Repeat the listing that follows, character for character, minus the pictures.
+===+
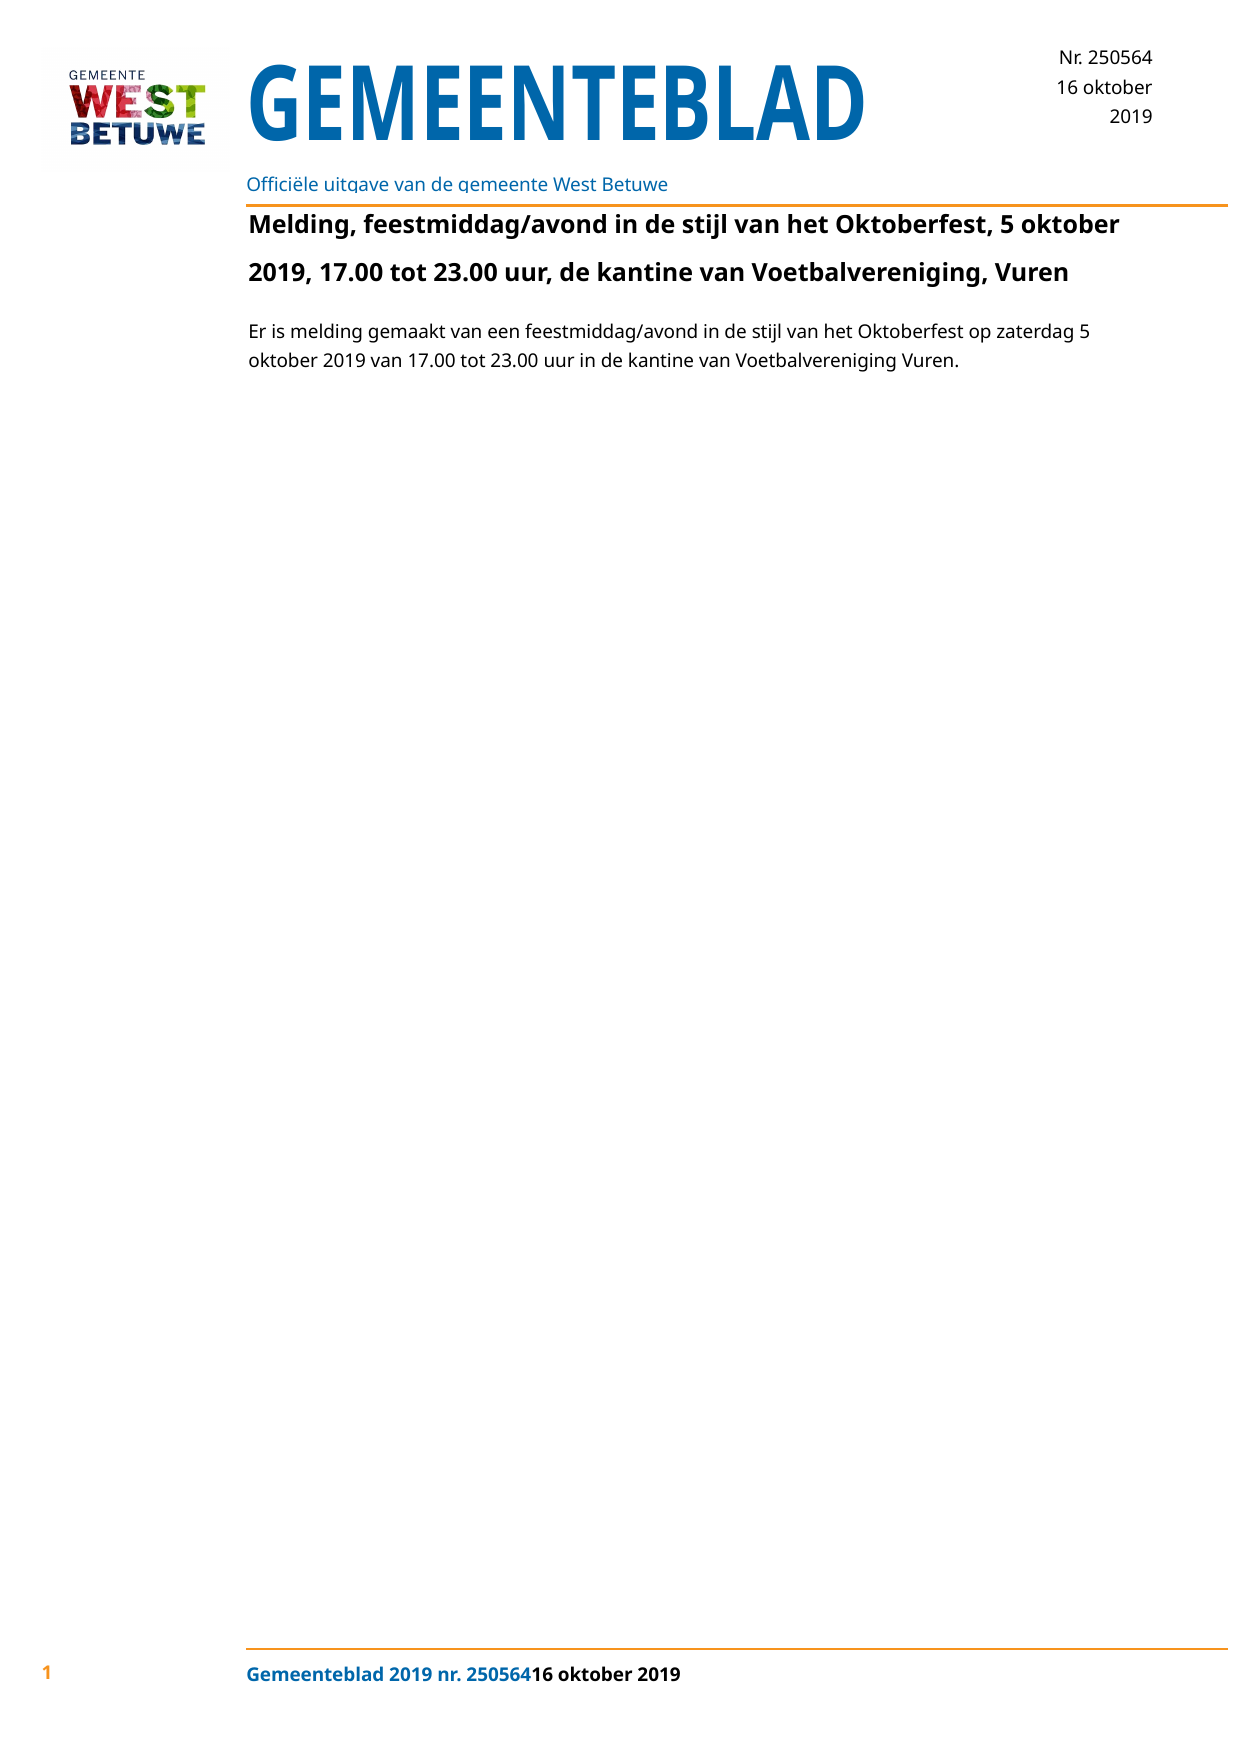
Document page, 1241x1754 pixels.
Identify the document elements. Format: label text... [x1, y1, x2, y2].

picture [41, 47, 231, 172]
text Melding, feestmiddag/avond in de stijl van het Oktoberfest, 5 oktober 2019, 17.00 tot 23.00 uur, de kantine van Voetbalvereniging, Vuren [248, 207, 1152, 288]
text Er is melding gemaakt van een feestmiddag/avond in de stijl van het Oktoberfest op zaterdag 5 oktober 2019 van 17.00 tot 23.00 uur in de kantine van Voetbalvereniging Vuren. [248, 318, 1152, 373]
+===+
# OUTPUT FOR THIS EXERCISE
Document page, 1241x1754 pixels.
Identify the document elements. Format: label text... [x1, y1, x2, y2].

picture [41, 47, 231, 172]
text Melding, feestmiddag/avond in de stijl van het Oktoberfest, 5 oktober 2019, 17.00 tot 23.00 uur, de kantine van Voetbalvereniging, Vuren [248, 207, 1152, 288]
text Er is melding gemaakt van een feestmiddag/avond in de stijl van het Oktoberfest op zaterdag 5 oktober 2019 van 17.00 tot 23.00 uur in de kantine van Voetbalvereniging Vuren. [248, 318, 1152, 373]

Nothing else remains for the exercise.